ABOUT THIS TASK :: Only the pictures are to be left out; write out the rest of the data exactly.
DATA SECTION below:
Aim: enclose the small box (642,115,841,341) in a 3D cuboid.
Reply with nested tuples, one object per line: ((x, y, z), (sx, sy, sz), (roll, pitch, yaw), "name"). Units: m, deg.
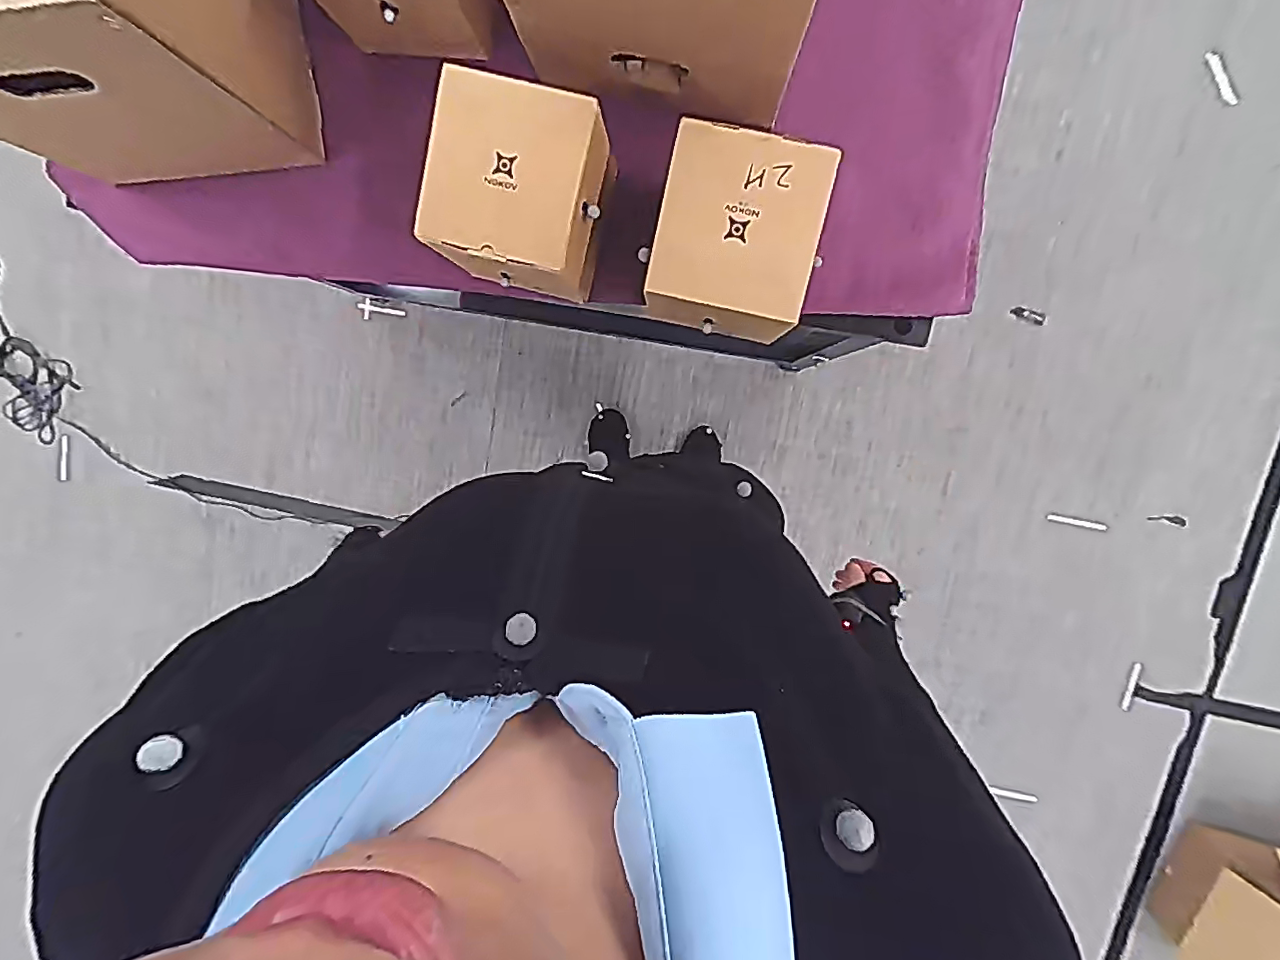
((0.105, -0.268, 0.621), (0.168, 0.176, 0.179), (13, 97, 1), "small box")
End of DATA SECTION.
WRITTEN ANSWER ::
Aim: enclose the small box (642,115,841,341) in a 3D cuboid.
Reply with nested tuples, one object per line: ((x, y, z), (sx, sy, sz), (roll, pitch, yaw), "name"). Units: m, deg.
((0.105, -0.268, 0.621), (0.168, 0.176, 0.179), (13, 97, 1), "small box")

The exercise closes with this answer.